- [Task goal]:
Go through the entries below and print each one exactly, leaving out pictures.
··········
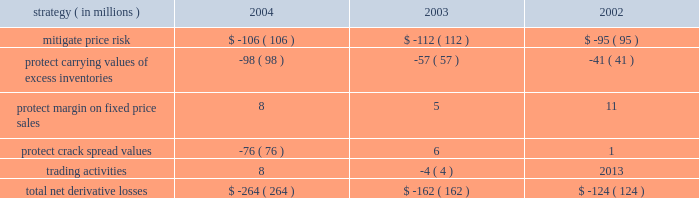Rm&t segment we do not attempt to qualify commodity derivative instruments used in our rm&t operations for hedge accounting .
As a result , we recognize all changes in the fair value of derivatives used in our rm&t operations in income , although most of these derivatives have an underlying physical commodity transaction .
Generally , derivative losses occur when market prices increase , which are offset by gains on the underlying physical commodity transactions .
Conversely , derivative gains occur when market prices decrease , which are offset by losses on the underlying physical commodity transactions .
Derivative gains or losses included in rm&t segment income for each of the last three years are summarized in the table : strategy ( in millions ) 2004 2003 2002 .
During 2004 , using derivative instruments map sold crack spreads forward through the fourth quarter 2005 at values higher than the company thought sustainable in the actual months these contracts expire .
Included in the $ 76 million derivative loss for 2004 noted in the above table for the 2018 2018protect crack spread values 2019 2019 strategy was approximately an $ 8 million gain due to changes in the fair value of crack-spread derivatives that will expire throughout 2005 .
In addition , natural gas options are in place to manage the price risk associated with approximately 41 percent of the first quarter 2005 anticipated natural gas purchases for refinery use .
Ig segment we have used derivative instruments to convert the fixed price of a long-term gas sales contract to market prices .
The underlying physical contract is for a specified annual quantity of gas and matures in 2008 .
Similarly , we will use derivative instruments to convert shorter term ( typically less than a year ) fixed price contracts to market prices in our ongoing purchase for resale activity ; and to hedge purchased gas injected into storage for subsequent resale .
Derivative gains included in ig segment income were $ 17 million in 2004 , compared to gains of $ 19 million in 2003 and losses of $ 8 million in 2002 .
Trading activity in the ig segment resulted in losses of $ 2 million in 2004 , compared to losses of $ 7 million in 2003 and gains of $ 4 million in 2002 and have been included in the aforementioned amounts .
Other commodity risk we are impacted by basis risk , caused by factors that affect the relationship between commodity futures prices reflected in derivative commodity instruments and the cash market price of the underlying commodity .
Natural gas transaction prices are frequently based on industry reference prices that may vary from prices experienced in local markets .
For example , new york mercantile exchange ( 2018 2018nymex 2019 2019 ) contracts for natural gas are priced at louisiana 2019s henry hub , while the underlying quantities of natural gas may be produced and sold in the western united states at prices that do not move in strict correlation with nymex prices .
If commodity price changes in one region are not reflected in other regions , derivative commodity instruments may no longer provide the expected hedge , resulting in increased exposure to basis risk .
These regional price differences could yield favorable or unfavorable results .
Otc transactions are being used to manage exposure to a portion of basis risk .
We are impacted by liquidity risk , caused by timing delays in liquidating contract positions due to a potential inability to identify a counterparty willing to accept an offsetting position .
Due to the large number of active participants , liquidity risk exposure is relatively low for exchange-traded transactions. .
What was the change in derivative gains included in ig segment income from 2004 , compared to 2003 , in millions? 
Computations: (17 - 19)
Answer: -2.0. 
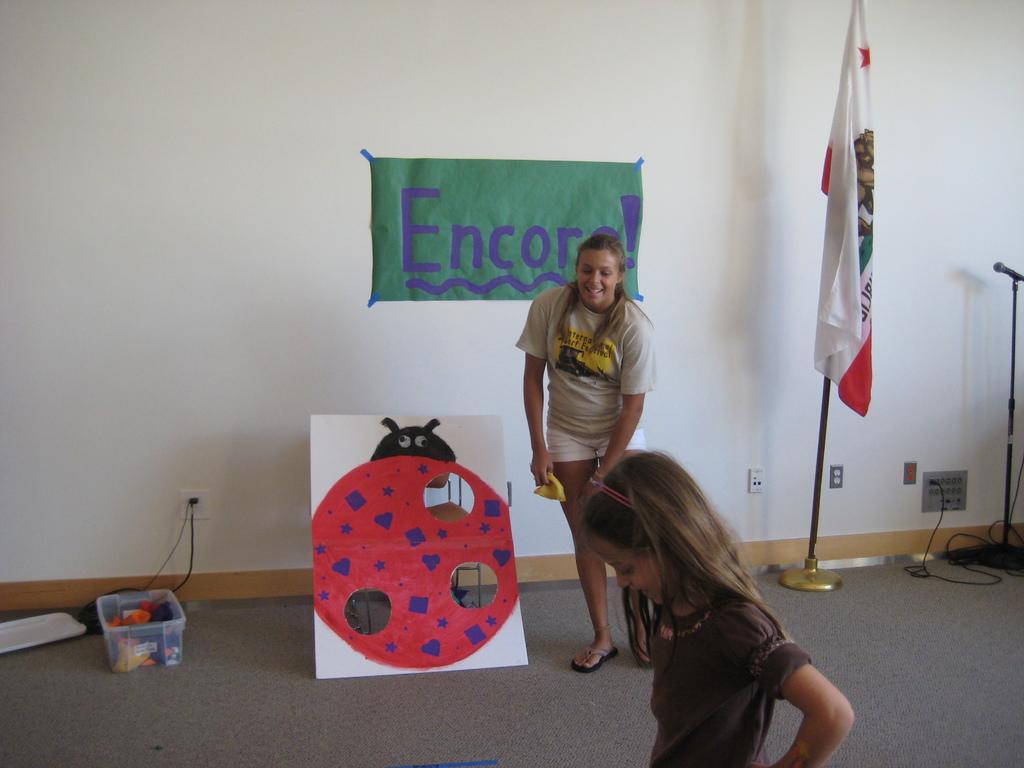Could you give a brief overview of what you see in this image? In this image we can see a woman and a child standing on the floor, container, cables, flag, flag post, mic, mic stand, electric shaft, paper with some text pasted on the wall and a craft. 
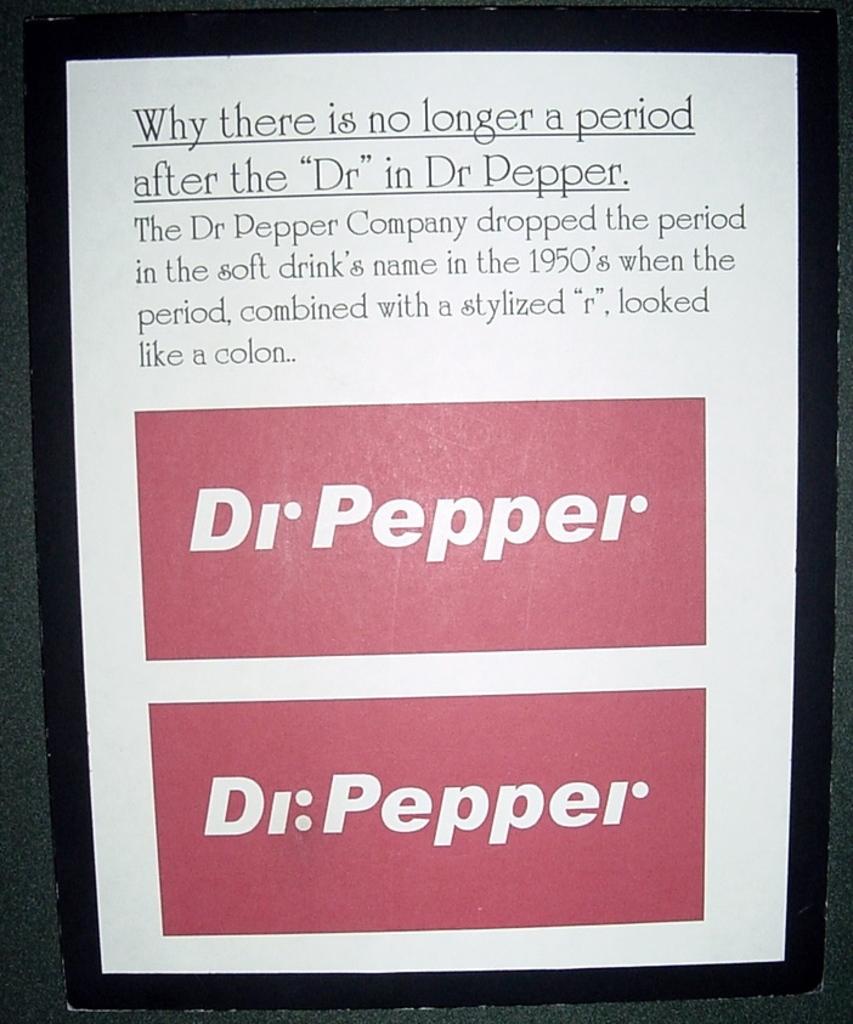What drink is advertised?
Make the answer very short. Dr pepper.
··········
- [Result]:
Rm&t segment we do not attempt to qualify commodity derivative instruments used in our rm&t operations for hedge accounting .
As a result , we recognize all changes in the fair value of derivatives used in our rm&t operations in income , although most of these derivatives have an underlying physical commodity transaction .
Generally , derivative losses occur when market prices increase , which are offset by gains on the underlying physical commodity transactions .
Conversely , derivative gains occur when market prices decrease , which are offset by losses on the underlying physical commodity transactions .
Derivative gains or losses included in rm&t segment income for each of the last three years are summarized in the table : strategy ( in millions ) 2004 2003 2002 .
During 2004 , using derivative instruments map sold crack spreads forward through the fourth quarter 2005 at values higher than the company thought sustainable in the actual months these contracts expire .
Included in the $ 76 million derivative loss for 2004 noted in the above table for the 2018 2018protect crack spread values 2019 2019 strategy was approximately an $ 8 million gain due to changes in the fair value of crack-spread derivatives that will expire throughout 2005 .
In addition , natural gas options are in place to manage the price risk associated with approximately 41 percent of the first quarter 2005 anticipated natural gas purchases for refinery use .
Ig segment we have used derivative instruments to convert the fixed price of a long-term gas sales contract to market prices .
The underlying physical contract is for a specified annual quantity of gas and matures in 2008 .
Similarly , we will use derivative instruments to convert shorter term ( typically less than a year ) fixed price contracts to market prices in our ongoing purchase for resale activity ; and to hedge purchased gas injected into storage for subsequent resale .
Derivative gains included in ig segment income were $ 17 million in 2004 , compared to gains of $ 19 million in 2003 and losses of $ 8 million in 2002 .
Trading activity in the ig segment resulted in losses of $ 2 million in 2004 , compared to losses of $ 7 million in 2003 and gains of $ 4 million in 2002 and have been included in the aforementioned amounts .
Other commodity risk we are impacted by basis risk , caused by factors that affect the relationship between commodity futures prices reflected in derivative commodity instruments and the cash market price of the underlying commodity .
Natural gas transaction prices are frequently based on industry reference prices that may vary from prices experienced in local markets .
For example , new york mercantile exchange ( 2018 2018nymex 2019 2019 ) contracts for natural gas are priced at louisiana 2019s henry hub , while the underlying quantities of natural gas may be produced and sold in the western united states at prices that do not move in strict correlation with nymex prices .
If commodity price changes in one region are not reflected in other regions , derivative commodity instruments may no longer provide the expected hedge , resulting in increased exposure to basis risk .
These regional price differences could yield favorable or unfavorable results .
Otc transactions are being used to manage exposure to a portion of basis risk .
We are impacted by liquidity risk , caused by timing delays in liquidating contract positions due to a potential inability to identify a counterparty willing to accept an offsetting position .
Due to the large number of active participants , liquidity risk exposure is relatively low for exchange-traded transactions. .
What was the change in derivative gains included in ig segment income from 2004 , compared to 2003 , in millions? 
Computations: (17 - 19)
Answer: -2.0. 
Could you give a brief overview of what you see in this image? In this image we can see a woman and a child standing on the floor, container, cables, flag, flag post, mic, mic stand, electric shaft, paper with some text pasted on the wall and a craft. 
What drink is advertised?
Make the answer very short. Dr pepper.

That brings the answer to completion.